The chancellor proposed a workaround: The ECB could offer an explanation of its asset-purchase program via the Bundesbank, which would serve as an intermediary to the German parliament, according to a person familiar with the discussion, who asked not to be identified because the deliberations are confidential. Publicly, her spokesman, Steffen Seibert, let it be known that Berlin didn’t consider the German judges questioned in principle the authority of the European Court of Justice.
Evidence to back the ECB’s assessment of the program is plentiful: researchers at both the Bundesbank and the ECB have for years responded to public criticism of its policies by investigating their benefits and drawbacks, and could easily compile their arguments.

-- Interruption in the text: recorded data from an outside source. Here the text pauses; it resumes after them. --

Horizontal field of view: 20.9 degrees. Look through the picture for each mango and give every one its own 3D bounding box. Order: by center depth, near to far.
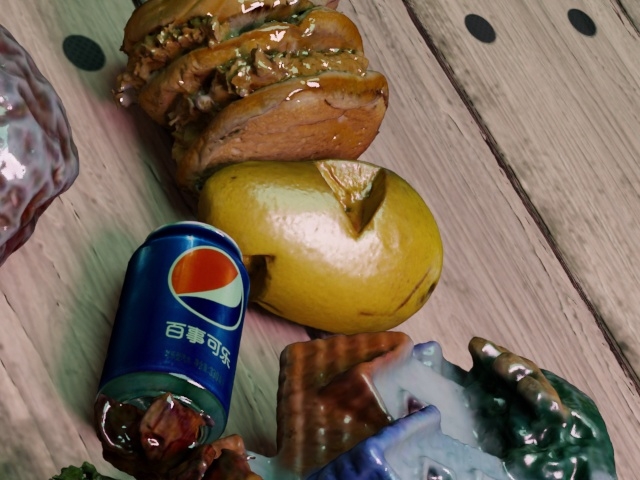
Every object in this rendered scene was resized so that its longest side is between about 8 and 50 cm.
[{"bbox_3d":[0.000,0.000,1.684,0.262,0.167,0.130,10,8,-29],"label":"mango"}]

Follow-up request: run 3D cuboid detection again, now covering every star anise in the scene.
[{"bbox_3d":[-0.082,0.174,1.273,0.177,0.234,0.073,43,66,-31],"label":"star anise"}]

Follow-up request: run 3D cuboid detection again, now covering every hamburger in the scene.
[{"bbox_3d":[-0.074,-0.160,1.721,0.260,0.245,0.211,-20,74,-3],"label":"hamburger"}]

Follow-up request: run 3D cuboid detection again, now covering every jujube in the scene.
[{"bbox_3d":[-0.354,-0.113,1.481,0.317,0.226,0.226,48,41,-1],"label":"jujube"}]

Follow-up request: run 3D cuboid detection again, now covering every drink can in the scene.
[{"bbox_3d":[-0.128,0.085,1.546,0.118,0.118,0.205,25,43,-18],"label":"drink can"}]

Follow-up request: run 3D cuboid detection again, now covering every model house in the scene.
[{"bbox_3d":[0.050,0.188,1.471,0.329,0.251,0.295,27,43,-24],"label":"model house"}]

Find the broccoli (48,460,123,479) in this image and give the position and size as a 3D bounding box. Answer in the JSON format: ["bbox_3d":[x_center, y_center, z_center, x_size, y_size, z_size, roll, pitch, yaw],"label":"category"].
[{"bbox_3d":[-0.211,0.251,1.285,0.176,0.198,0.226,23,50,-35],"label":"broccoli"}]
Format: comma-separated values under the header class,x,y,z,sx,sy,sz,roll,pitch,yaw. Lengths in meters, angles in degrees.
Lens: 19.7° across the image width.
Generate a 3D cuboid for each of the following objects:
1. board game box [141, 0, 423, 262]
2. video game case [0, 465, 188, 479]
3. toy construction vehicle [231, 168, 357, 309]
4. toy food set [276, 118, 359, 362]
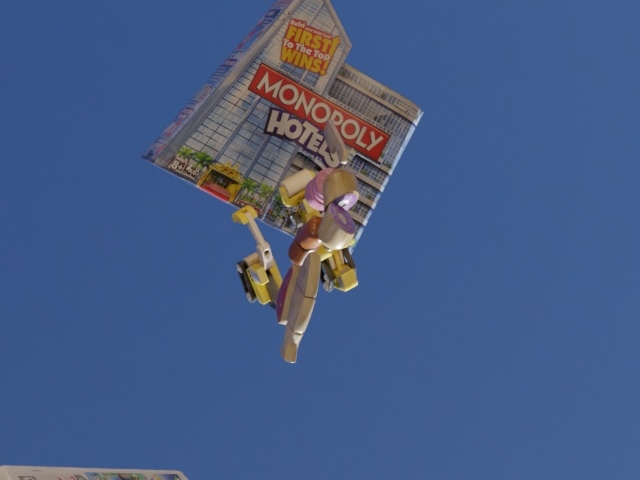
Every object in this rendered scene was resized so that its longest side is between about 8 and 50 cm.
class,x,y,z,sx,sy,sz,roll,pitch,yaw
board game box,-0.013,-0.106,1.495,0.194,0.060,0.194,27,-91,-18
video game case,-0.075,0.130,0.782,0.087,0.011,0.122,48,-161,29
toy construction vehicle,-0.016,0.006,1.307,0.086,0.035,0.098,-27,-62,-21
toy food set,0.000,0.000,1.011,0.019,0.122,0.078,12,-160,-14

Ultimately, policy makers at those two institutions will need to decide whether and in what form to respond. In a statement last week, Bundesbank President Jens Weidmann seemed to suggest he was in favor of the ECB being at the forefront of any explanatory efforts, which his central bank would “support”.
The inherent conflict for the German government is that it has to abide by the rulings of its highest court, while at the same time not appearing to dictate rules of comportment for the ECB.
The Karlsruhe court has told the government and parliament to demand the ECB perform a so-called economic proportionality review. Such a letter of request to ECB President Christine Lagarde is now being considered both by the finance ministry and lawmakers, people familiar with the talks said. While that would make the government comply with the ruling, it complicates the ECB’s premise of political independence.
Germany’s ambiguous approach on EU financing is coming to haunt the government. On one hand, Berlin continues to resist EU moves toward closer fiscal integration, relying on the ECB to keep the euro zone afloat while on the other hand criticizing the institution for its monetary expansion.
For Merkel, the ruling comes at a difficult moment, because it emboldens her caucus group that has been historically critical of the ECB’s bond buying program. Many CDU/CSU members of parliament now feel vindicated. And it has the potential to whip up support for the far-right AfD party, which has long opposed the perceived dominance of the EU.
“We will use the ruling of the Constitutional Court as an occasion to question its decisions once again, in a constructive and critical dialog,” caucus leader Ralph Brinkhaus said after the verdict.
The German ruling has been years in the making, but it nevertheless caught the political elite off guard, with Berenberg economist Holger Schmieding calling it a “legal bombshell.” Germany can ill afford to recuse the Bundesbank from the asset purchase program, which is running at 20 billion euros a month, with an additional 120 billion euros as part of measures to combat the current downturn.
The optics of barring the Bundesbank would be terrible. Germany is the euro zone’s biggest economy, with its central bank accounting for the biggest share of purchases under QE.
Then there are the political implications of national courts seemingly undercutting the authority of the top EU institutions. It’s an open flank that European Commission President Ursula von der Leyen was keen to protect by saying that “the final word on EU law is always spoken in Luxembourg. Nowhere else.” To drive home the point, the commission threatened twice over the weekend to sue Germany, potentially escalating the conflict that Merkel is trying to defuse.
“It’s very possible that the existence of the euro is now put into question in other European Union member states, because every national constitutional court can decide for itself,” Wolfgang Schaeuble, the country’s former finance minister who now presides over Germany’s lower house of parliament, said last week. “This situation makes nobody happy.”